* Work item: Word for word, restate the listing; omit the pictures.
══ Records ══
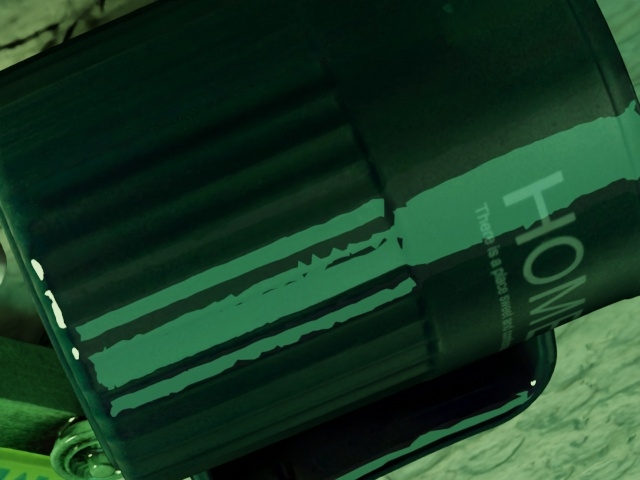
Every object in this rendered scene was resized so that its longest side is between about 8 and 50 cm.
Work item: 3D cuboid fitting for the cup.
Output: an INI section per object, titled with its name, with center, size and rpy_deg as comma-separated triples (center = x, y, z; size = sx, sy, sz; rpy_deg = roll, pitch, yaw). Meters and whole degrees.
[cup]
center = -0.008, -0.017, 0.930
size = 0.292, 0.242, 0.308
rpy_deg = -23, 160, -7

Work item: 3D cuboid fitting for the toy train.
[toy train]
center = -0.213, 0.104, 1.019
size = 0.253, 0.105, 0.157
rpy_deg = 17, 134, -39

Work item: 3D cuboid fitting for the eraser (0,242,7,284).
[eraser]
center = -0.198, 0.002, 0.916
size = 0.026, 0.105, 0.065
rpy_deg = 17, 119, -39
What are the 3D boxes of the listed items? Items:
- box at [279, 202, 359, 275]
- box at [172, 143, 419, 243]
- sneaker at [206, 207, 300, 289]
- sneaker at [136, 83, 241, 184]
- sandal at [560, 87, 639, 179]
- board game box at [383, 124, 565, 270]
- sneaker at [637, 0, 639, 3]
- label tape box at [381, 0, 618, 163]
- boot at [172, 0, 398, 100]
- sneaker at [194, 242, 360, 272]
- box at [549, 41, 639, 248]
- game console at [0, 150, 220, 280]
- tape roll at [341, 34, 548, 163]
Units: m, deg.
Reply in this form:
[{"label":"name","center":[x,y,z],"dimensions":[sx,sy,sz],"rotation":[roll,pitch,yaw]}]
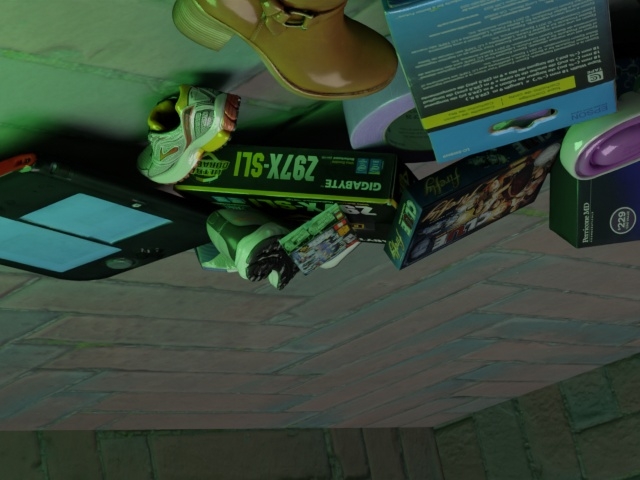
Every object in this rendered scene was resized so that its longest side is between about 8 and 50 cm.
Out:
[{"label":"box","center":[0.000,0.000,1.956],"dimensions":[0.094,0.027,0.137],"rotation":[-34,164,1]},{"label":"box","center":[-0.014,-0.063,2.047],"dimensions":[0.322,0.079,0.257],"rotation":[5,166,19]},{"label":"sneaker","center":[-0.079,0.000,2.031],"dimensions":[0.100,0.108,0.271],"rotation":[-53,163,4]},{"label":"sneaker","center":[-0.190,-0.147,1.868],"dimensions":[0.093,0.088,0.225],"rotation":[21,149,-23]},{"label":"sandal","center":[0.508,-0.160,1.837],"dimensions":[0.416,0.102,0.169],"rotation":[-24,152,-3]},{"label":"board game box","center":[0.208,-0.063,1.951],"dimensions":[0.243,0.042,0.165],"rotation":[-27,157,-22]},{"label":"sneaker","center":[0.502,-0.299,1.827],"dimensions":[0.279,0.107,0.118],"rotation":[4,138,-48]},{"label":"label tape box","center":[0.209,-0.243,1.657],"dimensions":[0.241,0.105,0.333],"rotation":[-16,151,7]},{"label":"boot","center":[0.000,-0.256,1.539],"dimensions":[0.283,0.109,0.220],"rotation":[21,154,-21]},{"label":"sneaker","center":[-0.045,-0.003,2.295],"dimensions":[0.316,0.127,0.182],"rotation":[-13,160,-1]},{"label":"box","center":[0.417,-0.134,1.961],"dimensions":[0.184,0.261,0.103],"rotation":[-7,-160,-11]},{"label":"game console","center":[-0.365,-0.023,2.018],"dimensions":[0.342,0.060,0.387],"rotation":[-13,160,38]},{"label":"tape roll","center":[0.165,-0.196,1.899],"dimensions":[0.275,0.090,0.275],"rotation":[-10,162,-3]}]
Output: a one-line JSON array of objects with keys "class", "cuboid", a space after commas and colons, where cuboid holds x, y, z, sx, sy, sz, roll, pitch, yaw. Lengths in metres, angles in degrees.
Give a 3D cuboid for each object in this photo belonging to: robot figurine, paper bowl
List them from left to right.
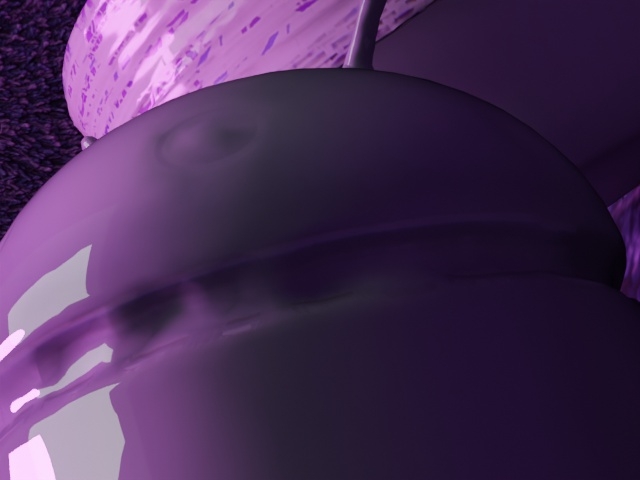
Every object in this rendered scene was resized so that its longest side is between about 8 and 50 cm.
[{"class": "robot figurine", "cuboid": [0.012, 0.102, 0.424, 0.200, 0.300, 0.353, 32, -139, -64]}, {"class": "paper bowl", "cuboid": [0.052, -0.069, 0.622, 0.148, 0.284, 0.284, 58, 163, 12]}]
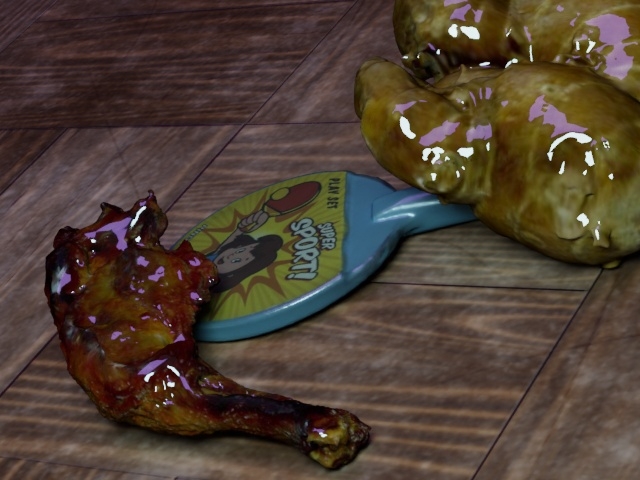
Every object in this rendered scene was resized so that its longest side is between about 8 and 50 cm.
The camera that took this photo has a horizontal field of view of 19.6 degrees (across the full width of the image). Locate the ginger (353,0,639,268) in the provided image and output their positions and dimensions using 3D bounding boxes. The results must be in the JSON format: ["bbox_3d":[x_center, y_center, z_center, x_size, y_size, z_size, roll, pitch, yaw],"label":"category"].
[{"bbox_3d":[0.177,-0.123,1.545,0.274,0.152,0.357,9,41,16],"label":"ginger"}]

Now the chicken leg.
[{"bbox_3d":[-0.114,0.092,1.490,0.158,0.096,0.407,-36,41,-15],"label":"chicken leg"}]

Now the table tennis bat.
[{"bbox_3d":[0.000,0.000,1.617,0.329,0.044,0.215,-17,30,14],"label":"table tennis bat"}]
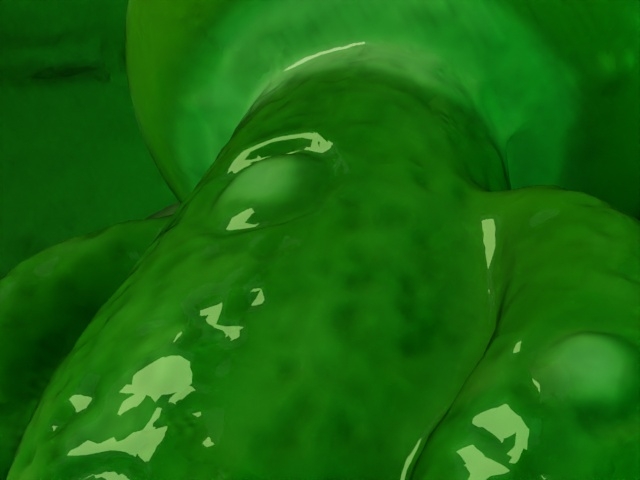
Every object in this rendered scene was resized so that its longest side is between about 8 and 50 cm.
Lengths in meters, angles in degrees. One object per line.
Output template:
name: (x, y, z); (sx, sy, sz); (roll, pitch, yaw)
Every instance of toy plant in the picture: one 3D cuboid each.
toy plant: (0.000, 0.000, 0.504); (0.224, 0.184, 0.316); (-7, 32, 19)

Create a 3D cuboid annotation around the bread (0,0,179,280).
bread: (-0.300, -0.043, 0.936); (0.390, 0.279, 0.371); (-14, -2, 43)

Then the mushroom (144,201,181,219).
mushroom: (-0.129, 0.073, 0.768); (0.351, 0.097, 0.109); (-36, 13, -5)
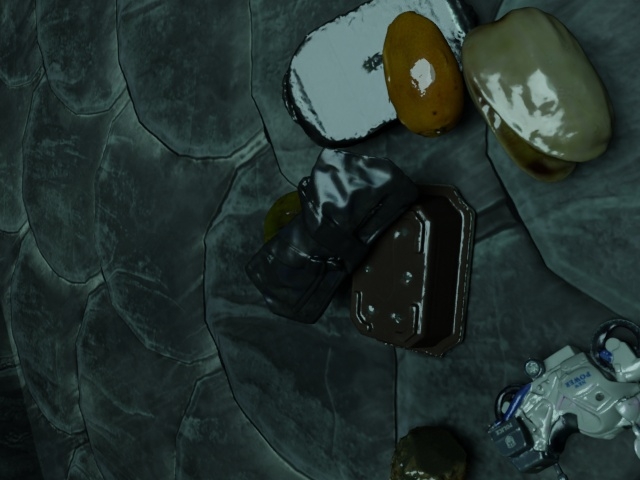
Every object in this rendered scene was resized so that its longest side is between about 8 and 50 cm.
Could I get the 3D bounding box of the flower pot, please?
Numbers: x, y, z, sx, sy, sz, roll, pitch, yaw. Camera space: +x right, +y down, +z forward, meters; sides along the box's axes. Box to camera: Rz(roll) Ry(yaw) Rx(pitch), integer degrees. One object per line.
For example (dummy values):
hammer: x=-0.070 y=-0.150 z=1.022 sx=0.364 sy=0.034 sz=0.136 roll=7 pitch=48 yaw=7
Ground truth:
flower pot: x=0.113 y=0.042 z=0.769 sx=0.179 sy=0.084 sz=0.250 roll=9 pitch=99 yaw=39

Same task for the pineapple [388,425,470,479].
pineapple: x=0.142 y=0.358 z=0.769 sx=0.108 sy=0.108 sz=0.197 roll=30 pitch=124 yaw=35

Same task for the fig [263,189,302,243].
fig: x=-0.050 y=0.003 z=0.881 sx=0.185 sy=0.127 sz=0.133 roll=-35 pitch=85 yaw=32

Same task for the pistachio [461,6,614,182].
pistachio: x=0.240 y=-0.167 z=0.617 sx=0.129 sy=0.131 sz=0.206 roll=102 pitch=147 yaw=-71

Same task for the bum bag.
bum bag: x=0.000 y=0.000 z=0.747 sx=0.137 sy=0.074 sz=0.310 roll=35 pitch=119 yaw=-2

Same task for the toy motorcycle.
toy motorcycle: x=0.297 y=0.201 z=0.622 sx=0.221 sy=0.102 sz=0.150 roll=-46 pitch=44 yaw=30

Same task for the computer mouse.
computer mouse: x=0.082 y=-0.243 z=0.774 sx=0.295 sy=0.087 sz=0.168 roll=-24 pitch=90 yaw=23

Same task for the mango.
mango: x=0.120 y=-0.205 z=0.668 sx=0.159 sy=0.084 sz=0.105 roll=63 pitch=171 yaw=1
═══
* Response area:
Every object in this rendered scene was resized so that its longest side is between about 8 and 50 cm.
Work item: 3D cuboid fitting for the cup.
Output: an INI section per object, titled with its name, with center, size and rpy_deg as comma-separated triples (center = x, y, z; size = sx, sy, sz; rpy_deg = roll, pitch, yaw). Meters and whole degrees.
[cup]
center = -0.008, -0.017, 0.930
size = 0.292, 0.242, 0.308
rpy_deg = -23, 160, -7

Work item: 3D cuboid fitting for the toy train.
[toy train]
center = -0.213, 0.104, 1.019
size = 0.253, 0.105, 0.157
rpy_deg = 17, 134, -39

Work item: 3D cuboid fitting for the eraser (0,242,7,284).
[eraser]
center = -0.198, 0.002, 0.916
size = 0.026, 0.105, 0.065
rpy_deg = 17, 119, -39
What are the 3D boxes of the listed items? Items:
- box at [279, 202, 359, 275]
- box at [172, 143, 419, 243]
- sneaker at [206, 207, 300, 289]
- sneaker at [136, 83, 241, 184]
- sandal at [560, 87, 639, 179]
- board game box at [383, 124, 565, 270]
- sneaker at [637, 0, 639, 3]
- label tape box at [381, 0, 618, 163]
- boot at [172, 0, 398, 100]
- sneaker at [194, 242, 360, 272]
- box at [549, 41, 639, 248]
- game console at [0, 150, 220, 280]
- tape roll at [341, 34, 548, 163]
Units: m, deg.
Reply in this form:
[{"label":"name","center":[x,y,z],"dimensions":[sx,sy,sz],"rotation":[roll,pitch,yaw]}]
Every object in this rendered scene was resized so that its longest side is between about 8 and 50 cm.
Out:
[{"label":"box","center":[0.000,0.000,1.956],"dimensions":[0.094,0.027,0.137],"rotation":[-34,164,1]},{"label":"box","center":[-0.014,-0.063,2.047],"dimensions":[0.322,0.079,0.257],"rotation":[5,166,19]},{"label":"sneaker","center":[-0.079,0.000,2.031],"dimensions":[0.100,0.108,0.271],"rotation":[-53,163,4]},{"label":"sneaker","center":[-0.190,-0.147,1.868],"dimensions":[0.093,0.088,0.225],"rotation":[21,149,-23]},{"label":"sandal","center":[0.508,-0.160,1.837],"dimensions":[0.416,0.102,0.169],"rotation":[-24,152,-3]},{"label":"board game box","center":[0.208,-0.063,1.951],"dimensions":[0.243,0.042,0.165],"rotation":[-27,157,-22]},{"label":"sneaker","center":[0.502,-0.299,1.827],"dimensions":[0.279,0.107,0.118],"rotation":[4,138,-48]},{"label":"label tape box","center":[0.209,-0.243,1.657],"dimensions":[0.241,0.105,0.333],"rotation":[-16,151,7]},{"label":"boot","center":[0.000,-0.256,1.539],"dimensions":[0.283,0.109,0.220],"rotation":[21,154,-21]},{"label":"sneaker","center":[-0.045,-0.003,2.295],"dimensions":[0.316,0.127,0.182],"rotation":[-13,160,-1]},{"label":"box","center":[0.417,-0.134,1.961],"dimensions":[0.184,0.261,0.103],"rotation":[-7,-160,-11]},{"label":"game console","center":[-0.365,-0.023,2.018],"dimensions":[0.342,0.060,0.387],"rotation":[-13,160,38]},{"label":"tape roll","center":[0.165,-0.196,1.899],"dimensions":[0.275,0.090,0.275],"rotation":[-10,162,-3]}]
Output: a one-line JSON array of objects with keys "class", "cuboid", a space after commas and colons, where cuboid holds x, y, z, sx, sy, sz, roll, pitch, yaw. Lengths in metres, angles in degrees.
Give a 3D cuboid for each object in this photo belonging to: robot figurine, paper bowl
List them from left to right.
Every object in this rendered scene was resized so that its longest side is between about 8 and 50 cm.
[{"class": "robot figurine", "cuboid": [0.012, 0.102, 0.424, 0.200, 0.300, 0.353, 32, -139, -64]}, {"class": "paper bowl", "cuboid": [0.052, -0.069, 0.622, 0.148, 0.284, 0.284, 58, 163, 12]}]
Every object in this rendered scene was resized so that its longest side is between about 8 and 50 cm.
The camera that took this photo has a horizontal field of view of 19.6 degrees (across the full width of the image). Locate the ginger (353,0,639,268) in the provided image and output their positions and dimensions using 3D bounding boxes. The results must be in the JSON format: ["bbox_3d":[x_center, y_center, z_center, x_size, y_size, z_size, roll, pitch, yaw],"label":"category"].
[{"bbox_3d":[0.177,-0.123,1.545,0.274,0.152,0.357,9,41,16],"label":"ginger"}]

Now the chicken leg.
[{"bbox_3d":[-0.114,0.092,1.490,0.158,0.096,0.407,-36,41,-15],"label":"chicken leg"}]

Now the table tennis bat.
[{"bbox_3d":[0.000,0.000,1.617,0.329,0.044,0.215,-17,30,14],"label":"table tennis bat"}]
Every object in this rendered scene was resized so that its longest side is between about 8 and 50 cm.
Lengths in meters, angles in degrees. One object per line.
Output template:
name: (x, y, z); (sx, sy, sz); (roll, pitch, yaw)
Every instance of toy plant in the picture: one 3D cuboid each.
toy plant: (0.000, 0.000, 0.504); (0.224, 0.184, 0.316); (-7, 32, 19)

Create a 3D cuboid annotation around the bread (0,0,179,280).
bread: (-0.300, -0.043, 0.936); (0.390, 0.279, 0.371); (-14, -2, 43)

Then the mushroom (144,201,181,219).
mushroom: (-0.129, 0.073, 0.768); (0.351, 0.097, 0.109); (-36, 13, -5)
Every object in this rendered scene was resized so that its longest side is between about 8 and 50 cm.
Could I get the 3D bounding box of the flower pot, please?
Numbers: x, y, z, sx, sy, sz, roll, pitch, yaw. Camera space: +x right, +y down, +z forward, meters; sides along the box's axes. Box to camera: Rz(roll) Ry(yaw) Rx(pitch), integer degrees. One object per line.
For example (dummy values):
hammer: x=-0.070 y=-0.150 z=1.022 sx=0.364 sy=0.034 sz=0.136 roll=7 pitch=48 yaw=7
Ground truth:
flower pot: x=0.113 y=0.042 z=0.769 sx=0.179 sy=0.084 sz=0.250 roll=9 pitch=99 yaw=39

Same task for the pineapple [388,425,470,479].
pineapple: x=0.142 y=0.358 z=0.769 sx=0.108 sy=0.108 sz=0.197 roll=30 pitch=124 yaw=35

Same task for the fig [263,189,302,243].
fig: x=-0.050 y=0.003 z=0.881 sx=0.185 sy=0.127 sz=0.133 roll=-35 pitch=85 yaw=32

Same task for the pistachio [461,6,614,182].
pistachio: x=0.240 y=-0.167 z=0.617 sx=0.129 sy=0.131 sz=0.206 roll=102 pitch=147 yaw=-71

Same task for the bum bag.
bum bag: x=0.000 y=0.000 z=0.747 sx=0.137 sy=0.074 sz=0.310 roll=35 pitch=119 yaw=-2

Same task for the toy motorcycle.
toy motorcycle: x=0.297 y=0.201 z=0.622 sx=0.221 sy=0.102 sz=0.150 roll=-46 pitch=44 yaw=30

Same task for the computer mouse.
computer mouse: x=0.082 y=-0.243 z=0.774 sx=0.295 sy=0.087 sz=0.168 roll=-24 pitch=90 yaw=23

Same task for the mango.
mango: x=0.120 y=-0.205 z=0.668 sx=0.159 sy=0.084 sz=0.105 roll=63 pitch=171 yaw=1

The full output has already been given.